To define love, whether it is romantic, platonic or of the self, we should recognize that love is essential to the human condition. Even hate, a form of love, albeit an absence of it. We often talk about equality in relationships but rarely discuss ways to define love and distance ourselves from the parent/child relationships that form under the guise of boyfriend/girlfriend, boyfriend/boyfriend, girlfriend/girlfriend, husband/wife, husband/husband, wife/wife or “loving ourselves”. Thus, we submit ourselves to the same disturbing patterns that patriarchy perpetuates. Patterns of control, competition and jealousy; not being able to “let go”. That feeling of who will “take the lead”, as if there was only one who rightfully should. The prevalence of dishonesty…systems of oppression rely on deception to maintain power and the lies we tell ourselves and others is an extension of this system.
My proposed solution to find love, to love ourselves and to love others, is to truly distance ourselves from behaviors that are manifested by patriarchy. To distance ourselves from the notion that we must adhere to the traditional standards of relationships and marriage in order to be happy. While the absolute dissolution of these traditional ideas would prove to be a complicated effort (there are many couples and individuals who stand by these traditional ideals of love and are truly happy with how things are), I ask that we consider and push for other ways of loving that are also meaningful and fulfilling for all parties involved. This sounds like an “of course we should” statement because it is. This idea is neither new or revolutionary. At the same time, this solution involves an amount of examination of marriage and relationships as institutions and as such, should be questioned. Philosopher Michel Foucault notes the strong presence and influence of “disciplinary institutions” in society. These include schools, hospitals and prisons. These institutions have a direct influence on our subjectivity. It is because of this, we must be critical of these institutions. I suggest that we add marriage and relationships to this list that feminists and our allies must be weary of if we are to pursue perhaps the most revolutionary idea of all: love and our right to choose and exercise it.

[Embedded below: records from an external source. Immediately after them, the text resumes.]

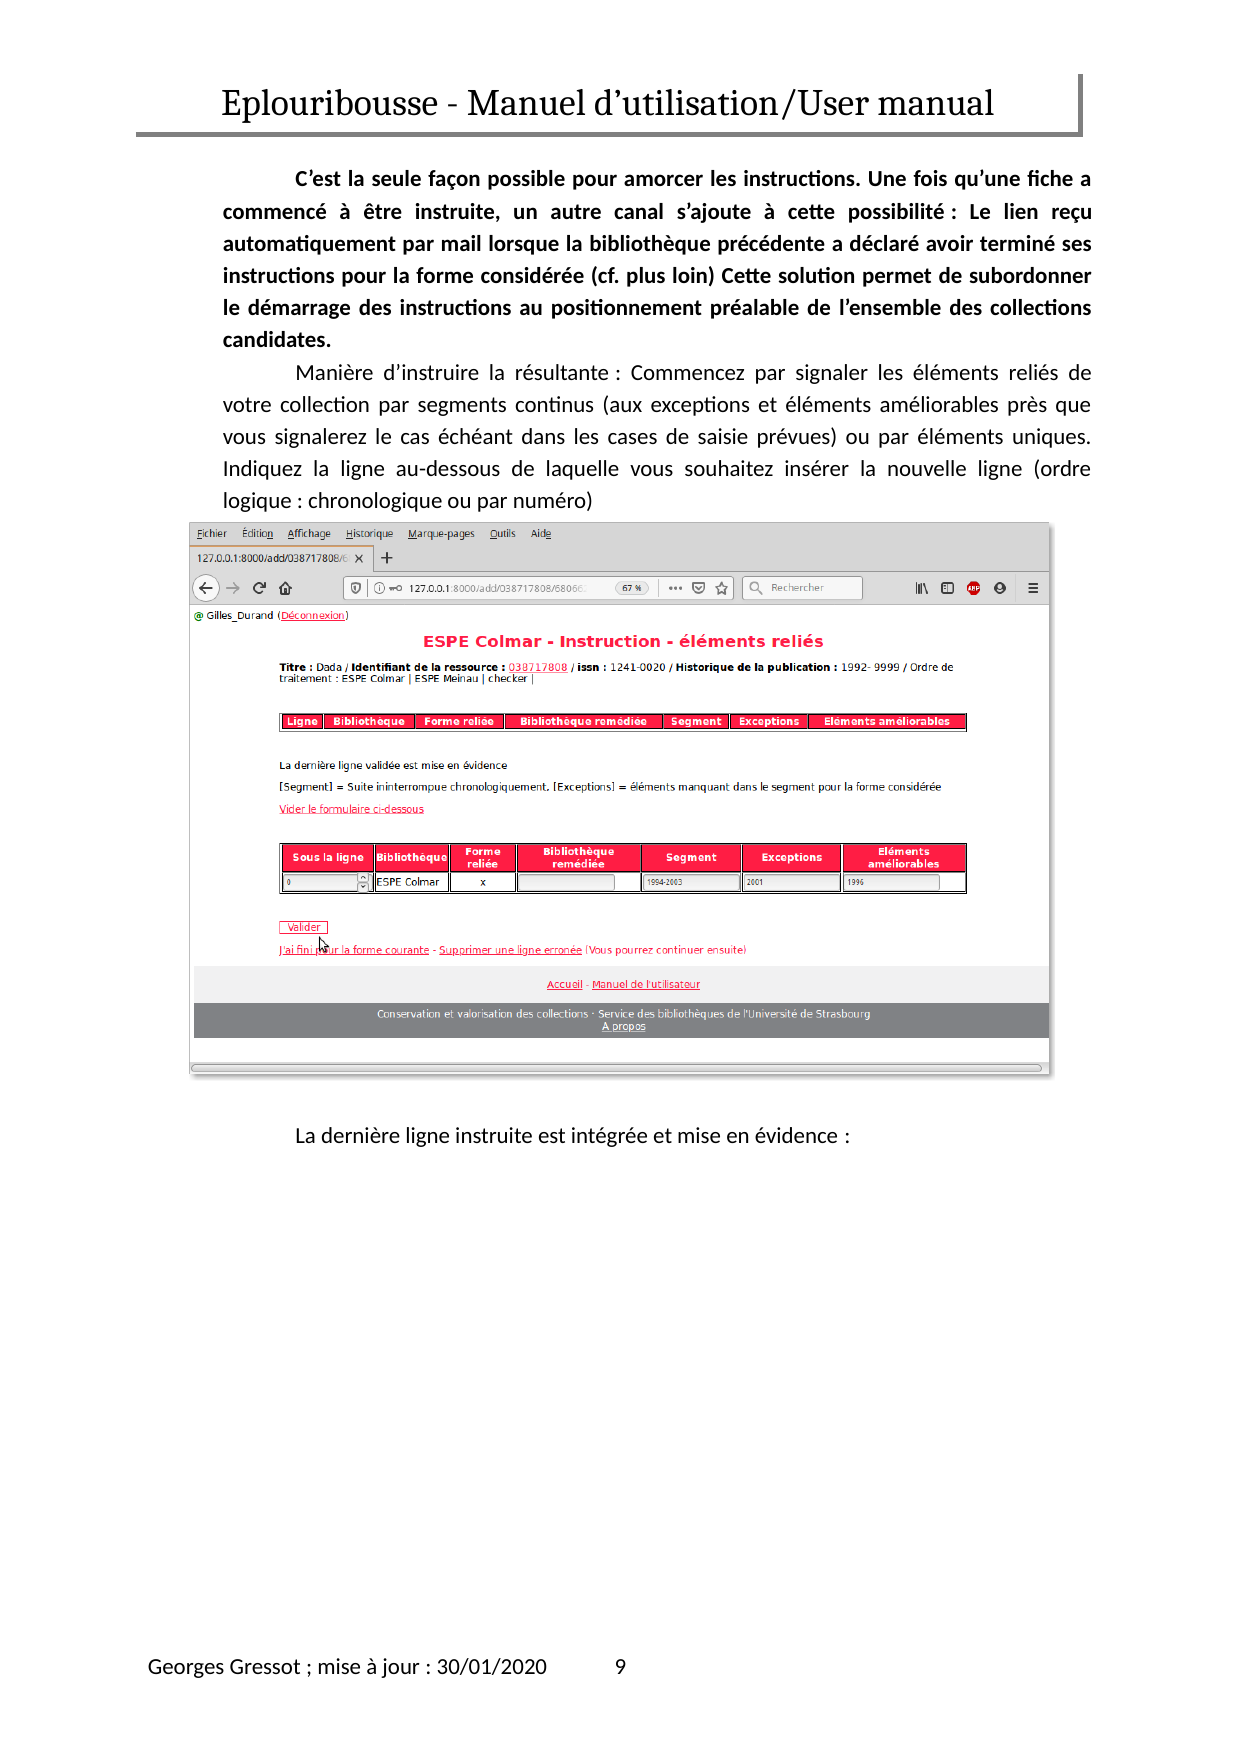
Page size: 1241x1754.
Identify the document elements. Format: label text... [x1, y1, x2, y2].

list Manière d’instruire la résultante : Commencez par signaler les éléments reliés de votre collection par segments continus (aux exceptions et éléments améliorables près que vous signalerez le cas échéant dans les cases de saisie prévues) ou par éléments uniques. Indiquez la ligne au-dessous de laquelle vous souhaitez insérer la nouvelle ligne (ordre logique : chronologique ou par numéro) [223, 358, 1093, 514]
picture [185, 518, 1055, 1081]
list La dernière ligne instruite est intégrée et mise en évidence : [223, 1121, 1093, 1149]
list C’est la seule façon possible pour amorcer les instructions. Une fois qu’une fiche a commencé à être instruite, un autre canal s’ajoute à cette possibilité : Le lien reçu automatiquement par mail lorsque la bibliothèque précédente a déclaré avoir terminé ses instructions pour la forme considérée (cf. plus loin) Cette solution permet de subordonner le démarrage des instructions au positionnement préalable de l’ensemble des collections candidates. [223, 164, 1093, 353]
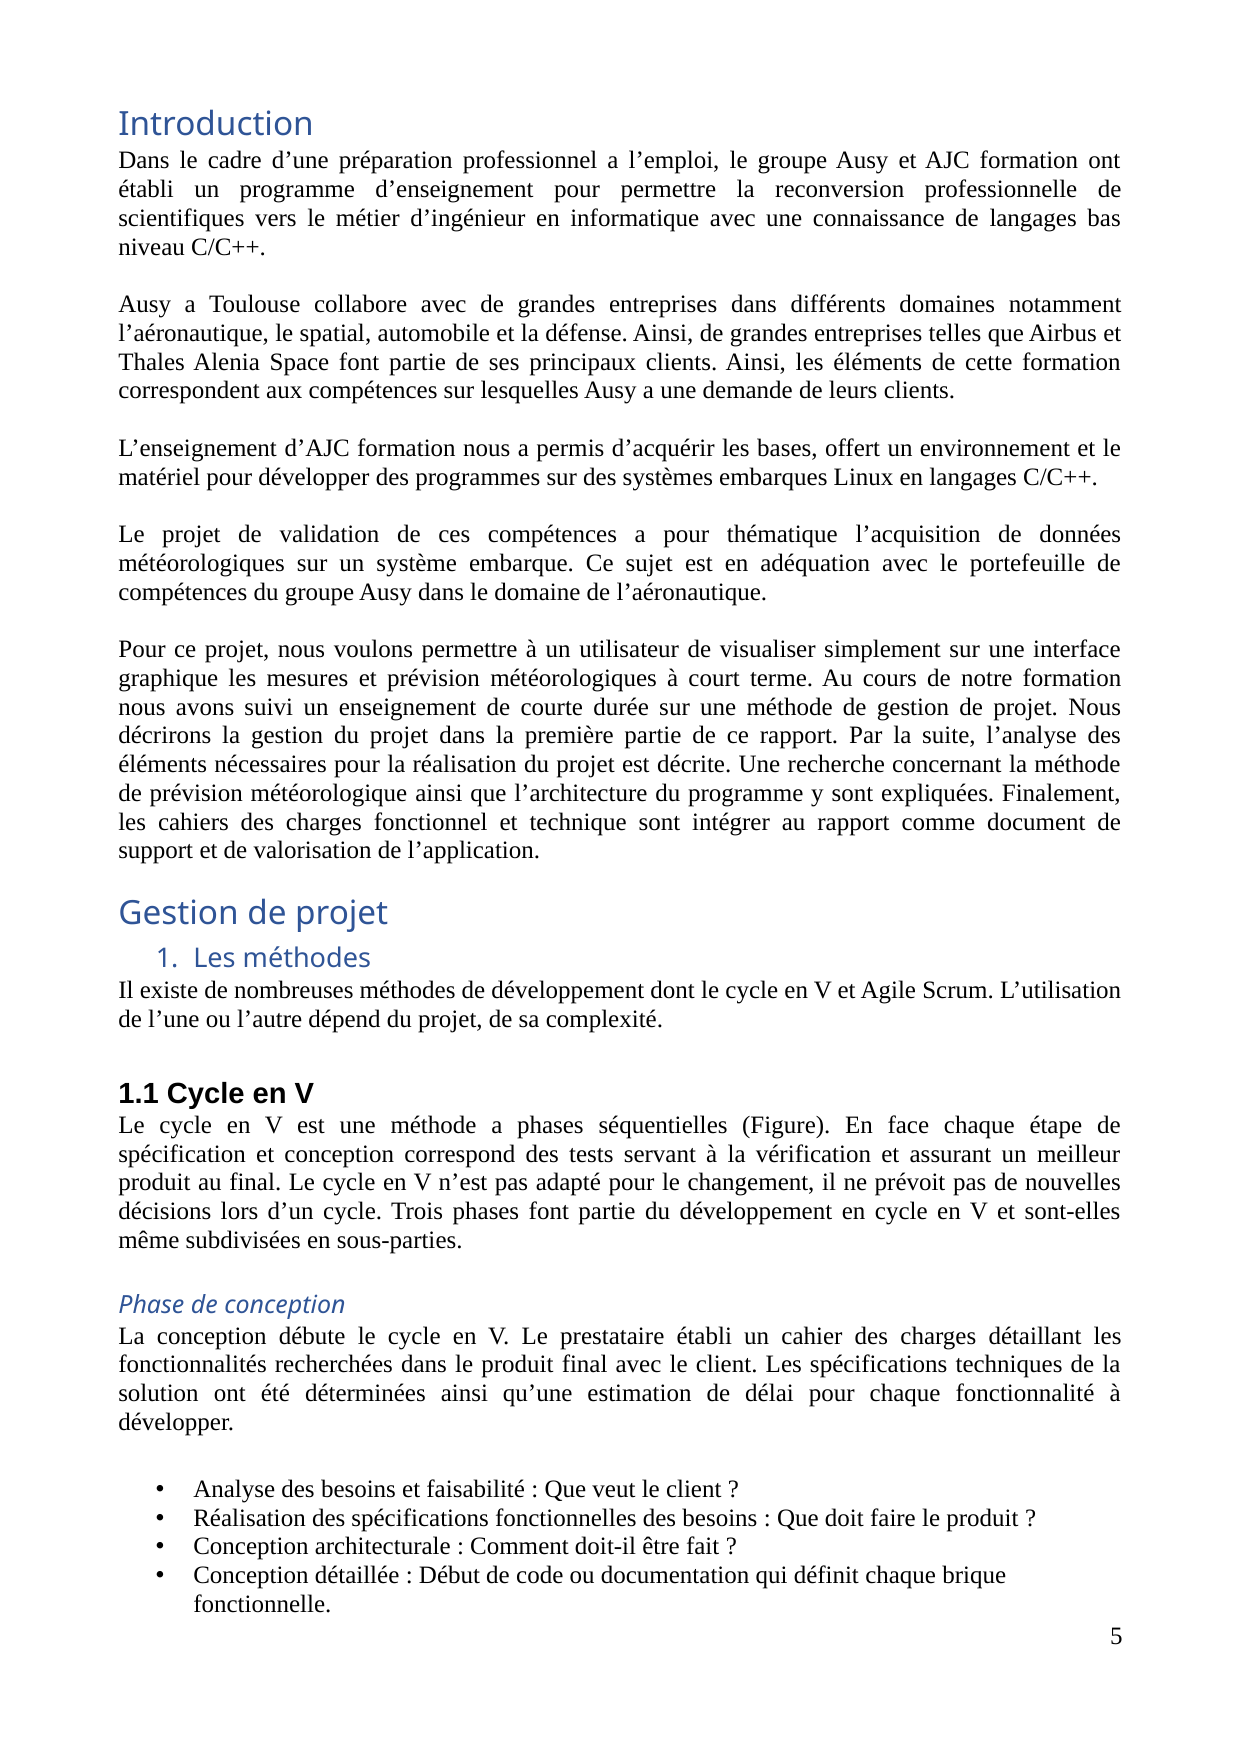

Love is the force we have to form relationships, with others and with ourselves. It is the “groundbreaking” idea that care is a priority. In systems of domination and supremacy, we are led to believe that seeking love, devoid of control, jealousy, competition and manipulation, is to seek a life full of heartache and loneliness. To deviate from the system is to risk uncertainty and unhappiness. But as the summer winds down and as I continue to understand love separate from patriarchal norms, it is a risk I’m willing to take.